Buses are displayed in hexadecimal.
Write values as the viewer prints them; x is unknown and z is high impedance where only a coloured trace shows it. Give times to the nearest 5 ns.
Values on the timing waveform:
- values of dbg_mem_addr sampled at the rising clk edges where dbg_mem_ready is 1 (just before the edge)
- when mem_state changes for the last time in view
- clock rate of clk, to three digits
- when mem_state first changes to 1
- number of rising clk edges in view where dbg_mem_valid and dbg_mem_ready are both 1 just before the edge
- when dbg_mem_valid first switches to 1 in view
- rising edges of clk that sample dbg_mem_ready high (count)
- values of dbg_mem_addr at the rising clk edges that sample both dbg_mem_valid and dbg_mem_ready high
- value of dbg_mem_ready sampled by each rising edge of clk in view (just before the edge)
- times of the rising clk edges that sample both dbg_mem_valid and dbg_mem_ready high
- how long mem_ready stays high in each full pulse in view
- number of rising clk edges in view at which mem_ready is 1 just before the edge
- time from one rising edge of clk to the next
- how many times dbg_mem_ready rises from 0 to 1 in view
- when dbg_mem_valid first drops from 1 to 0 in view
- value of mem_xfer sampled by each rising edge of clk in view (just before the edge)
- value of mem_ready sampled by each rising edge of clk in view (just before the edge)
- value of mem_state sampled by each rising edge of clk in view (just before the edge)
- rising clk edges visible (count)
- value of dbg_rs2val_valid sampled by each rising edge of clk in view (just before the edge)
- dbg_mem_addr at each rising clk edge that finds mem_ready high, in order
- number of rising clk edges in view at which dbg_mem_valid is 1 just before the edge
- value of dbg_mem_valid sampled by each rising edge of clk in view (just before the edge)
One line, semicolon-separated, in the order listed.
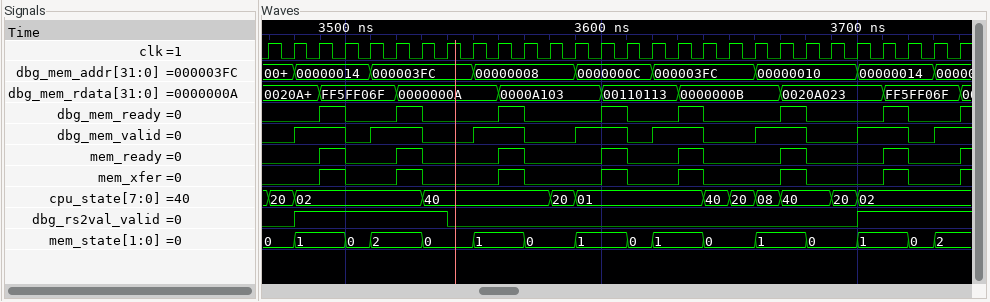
00000014, 000003FC, 00000008, 0000000C, 000003FC, 00000010, 00000014; 3730 ns; 100 MHz; 3480 ns; 7; 3480 ns; 7; 00000014, 000003FC, 00000008, 0000000C, 000003FC, 00000010, 00000014; 0 0 0 1 0 0 1 0 0 0 1 0 0 0 1 0 0 1 0 0 0 1 0 0 0 1 0 0; 3500 ns, 3530 ns, 3570 ns, 3610 ns, 3640 ns, 3680 ns, 3720 ns; 10 ns, 10 ns, 10 ns, 10 ns, 10 ns, 10 ns, 10 ns; 7; 10 ns; 8; 3500 ns; 0 0 0 1 0 0 1 0 0 0 1 0 0 0 1 0 0 1 0 0 0 1 0 0 0 1 0 0; 0 0 0 1 0 0 1 0 0 0 1 0 0 0 1 0 0 1 0 0 0 1 0 0 0 1 0 0; 0, 0, 1, 1, 0, 2, 2, 0, 0, 1, 1, 0, 0, 1, 1, 0, 1, 1, 0, 0, 1, 1, 0, 0, 1, 1, 0, 2; 28; 0 0 1 1 1 1 1 1 0 0 0 0 0 0 0 0 0 0 0 0 0 0 0 0 1 1 1 1; 00000014, 000003FC, 00000008, 0000000C, 000003FC, 00000010, 00000014; 15; 0 0 1 1 0 1 1 0 0 1 1 0 0 1 1 0 1 1 0 0 1 1 0 0 1 1 0 1
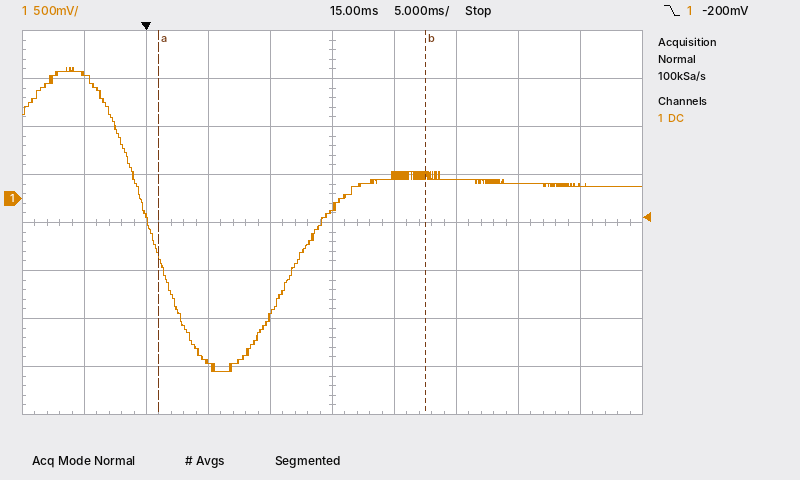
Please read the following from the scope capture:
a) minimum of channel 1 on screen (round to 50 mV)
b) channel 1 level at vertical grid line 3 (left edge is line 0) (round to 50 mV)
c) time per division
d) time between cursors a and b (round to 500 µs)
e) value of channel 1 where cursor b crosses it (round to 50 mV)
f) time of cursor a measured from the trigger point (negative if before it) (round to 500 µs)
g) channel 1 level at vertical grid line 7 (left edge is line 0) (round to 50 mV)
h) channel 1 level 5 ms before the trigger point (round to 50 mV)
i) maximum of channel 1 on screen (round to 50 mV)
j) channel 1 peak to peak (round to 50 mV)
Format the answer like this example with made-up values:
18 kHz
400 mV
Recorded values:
-1.80 V
-1.70 V
5 ms
21.5 ms
250 mV
+1.0 ms
200 mV
1.30 V
1.35 V
3.15 V
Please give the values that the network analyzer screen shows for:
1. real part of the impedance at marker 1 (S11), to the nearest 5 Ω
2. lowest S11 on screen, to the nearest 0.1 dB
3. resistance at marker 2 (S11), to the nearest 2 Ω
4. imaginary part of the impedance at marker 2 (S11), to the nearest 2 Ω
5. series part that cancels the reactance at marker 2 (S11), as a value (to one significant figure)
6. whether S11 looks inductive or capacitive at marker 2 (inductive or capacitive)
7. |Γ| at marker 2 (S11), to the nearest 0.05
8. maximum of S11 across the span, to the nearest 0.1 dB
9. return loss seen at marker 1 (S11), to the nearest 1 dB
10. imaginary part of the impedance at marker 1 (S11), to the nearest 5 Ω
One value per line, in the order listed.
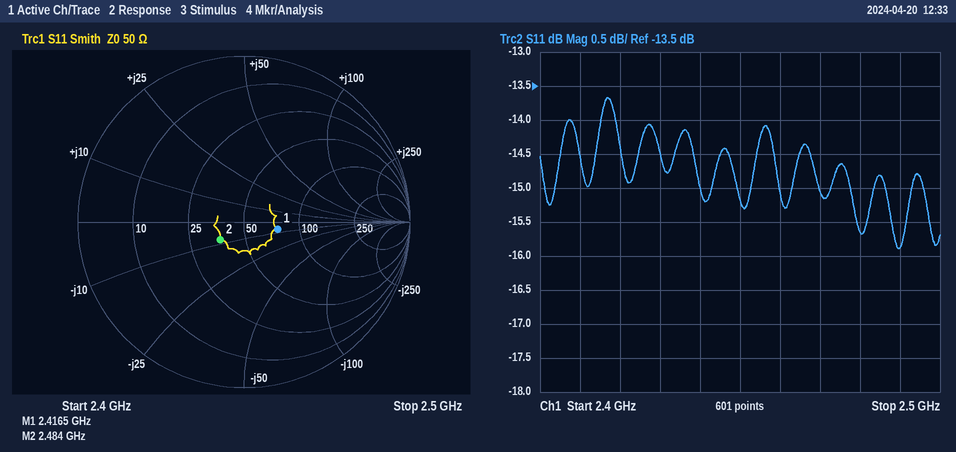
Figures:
75 Ω
-15.9 dB
36 Ω
-8 Ω
500 pH
capacitive
0.20
-13.7 dB
14 dB
-5 Ω
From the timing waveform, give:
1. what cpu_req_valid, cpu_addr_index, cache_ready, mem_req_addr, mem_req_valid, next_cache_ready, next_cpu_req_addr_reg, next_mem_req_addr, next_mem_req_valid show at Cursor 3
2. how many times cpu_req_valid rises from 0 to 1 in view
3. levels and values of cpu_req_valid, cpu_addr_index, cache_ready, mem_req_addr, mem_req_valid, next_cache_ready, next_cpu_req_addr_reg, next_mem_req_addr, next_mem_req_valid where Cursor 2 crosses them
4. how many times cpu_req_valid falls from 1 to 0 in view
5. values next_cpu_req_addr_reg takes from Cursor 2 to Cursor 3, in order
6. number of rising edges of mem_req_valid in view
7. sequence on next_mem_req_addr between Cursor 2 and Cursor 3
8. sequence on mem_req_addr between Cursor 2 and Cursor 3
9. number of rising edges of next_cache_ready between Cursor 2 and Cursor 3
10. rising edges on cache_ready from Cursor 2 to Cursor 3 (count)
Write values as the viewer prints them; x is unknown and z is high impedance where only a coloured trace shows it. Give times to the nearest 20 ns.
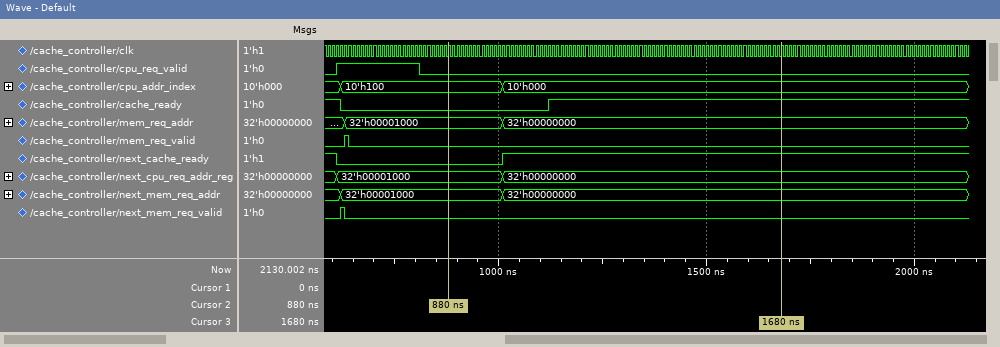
cpu_req_valid=0, cpu_addr_index=10'h000, cache_ready=1, mem_req_addr=32'h00000000, mem_req_valid=0, next_cache_ready=1, next_cpu_req_addr_reg=32'h00000000, next_mem_req_addr=32'h00000000, next_mem_req_valid=0
1
cpu_req_valid=0, cpu_addr_index=10'h100, cache_ready=0, mem_req_addr=32'h00001000, mem_req_valid=0, next_cache_ready=0, next_cpu_req_addr_reg=32'h00001000, next_mem_req_addr=32'h00001000, next_mem_req_valid=0
1
32'h00001000, 32'h00000000
1
32'h00001000, 32'h00000000
32'h00001000, 32'h00000000
1
1
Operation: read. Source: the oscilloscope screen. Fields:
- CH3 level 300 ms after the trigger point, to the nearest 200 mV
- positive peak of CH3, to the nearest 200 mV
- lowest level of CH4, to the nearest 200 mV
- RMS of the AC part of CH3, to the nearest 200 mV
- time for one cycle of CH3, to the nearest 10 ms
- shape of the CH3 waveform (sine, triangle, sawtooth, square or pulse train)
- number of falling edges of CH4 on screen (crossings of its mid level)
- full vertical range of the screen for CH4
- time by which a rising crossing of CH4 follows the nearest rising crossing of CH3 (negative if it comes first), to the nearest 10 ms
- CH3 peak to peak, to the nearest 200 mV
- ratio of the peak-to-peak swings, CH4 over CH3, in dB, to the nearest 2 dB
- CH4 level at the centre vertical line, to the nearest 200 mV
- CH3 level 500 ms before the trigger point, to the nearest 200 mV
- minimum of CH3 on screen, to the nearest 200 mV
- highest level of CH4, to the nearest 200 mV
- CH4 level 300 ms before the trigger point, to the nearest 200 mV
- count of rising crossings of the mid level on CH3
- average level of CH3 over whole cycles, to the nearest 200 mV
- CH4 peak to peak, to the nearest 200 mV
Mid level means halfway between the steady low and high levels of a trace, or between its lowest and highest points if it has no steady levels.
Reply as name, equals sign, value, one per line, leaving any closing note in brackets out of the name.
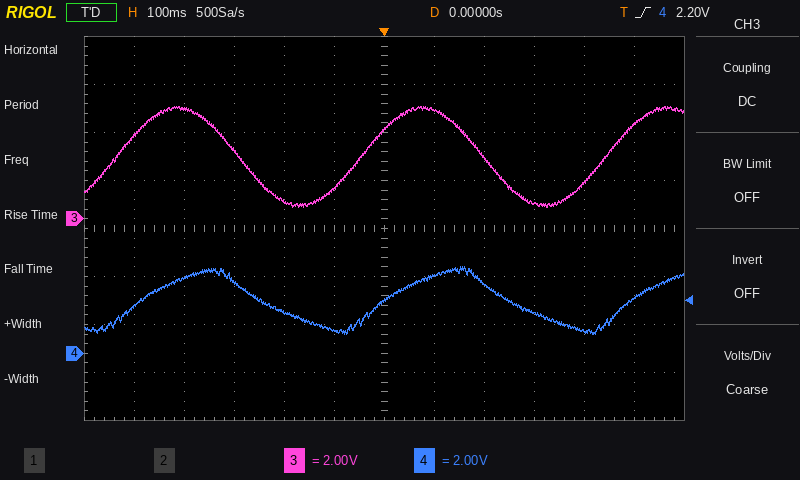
CH3 level 300 ms after the trigger point, to the nearest 200 mV = 600 mV
positive peak of CH3, to the nearest 200 mV = 4.6 V
lowest level of CH4, to the nearest 200 mV = 800 mV
RMS of the AC part of CH3, to the nearest 200 mV = 1.4 V
time for one cycle of CH3, to the nearest 10 ms = 490 ms
shape of the CH3 waveform = sine
number of falling edges of CH4 on screen = 2
full vertical range of the screen for CH4 = 16 V
time by which a rising crossing of CH4 follows the nearest rising crossing of CH3 (negative if it comes first), to the nearest 10 ms = +50 ms
CH3 peak to peak, to the nearest 200 mV = 4.2 V
ratio of the peak-to-peak swings, CH4 over CH3, in dB, to the nearest 2 dB = -4 dB
CH4 level at the centre vertical line, to the nearest 200 mV = 2.2 V
CH3 level 500 ms before the trigger point, to the nearest 200 mV = 3.4 V
minimum of CH3 on screen, to the nearest 200 mV = 400 mV
highest level of CH4, to the nearest 200 mV = 3.6 V
CH4 level 300 ms before the trigger point, to the nearest 200 mV = 3.0 V
count of rising crossings of the mid level on CH3 = 3
average level of CH3 over whole cycles, to the nearest 200 mV = 2.6 V
CH4 peak to peak, to the nearest 200 mV = 2.8 V
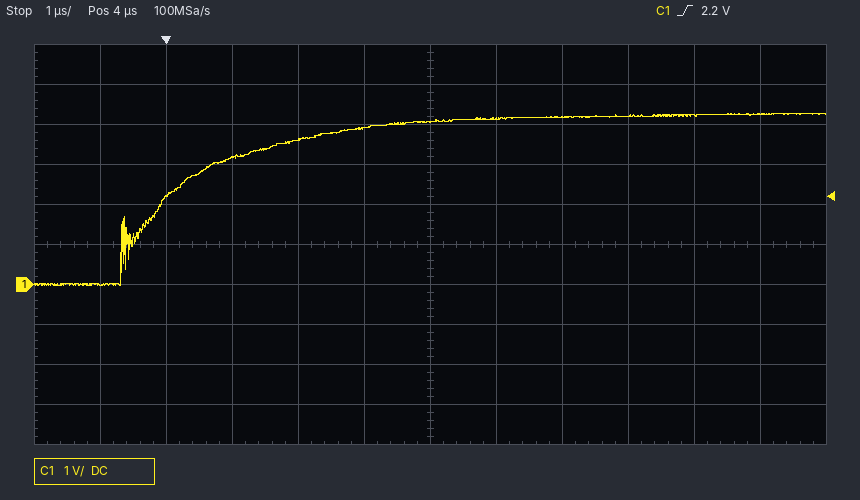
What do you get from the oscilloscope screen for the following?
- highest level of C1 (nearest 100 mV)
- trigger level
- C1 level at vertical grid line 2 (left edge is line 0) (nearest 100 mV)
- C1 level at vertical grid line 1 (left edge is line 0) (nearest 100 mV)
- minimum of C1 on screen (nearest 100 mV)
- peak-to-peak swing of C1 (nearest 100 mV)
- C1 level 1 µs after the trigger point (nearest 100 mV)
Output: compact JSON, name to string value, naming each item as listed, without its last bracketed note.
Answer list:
{"highest level of C1": "4.3 V", "trigger level": "2.2 V", "C1 level at vertical grid line 2 (left edge is line 0)": "2.2 V", "C1 level at vertical grid line 1 (left edge is line 0)": "0.0 V", "minimum of C1 on screen": "0.0 V", "peak-to-peak swing of C1": "4.3 V", "C1 level 1 µs after the trigger point": "3.2 V"}
-- -- --
• [Exercise]:
Each line of the data in which the string "levels" appears needs to be copied.

• [Output below]:
3. levels and values of cpu_req_valid, cpu_addr_index, cache_ready, mem_req_addr, mem_req_valid, next_cache_ready, next_cpu_req_addr_reg, next_mem_req_addr, next_mem_req_valid where Cursor 2 crosses them
Mid level means halfway between the steady low and high levels of a trace, or between its lowest and highest points if it has no steady levels.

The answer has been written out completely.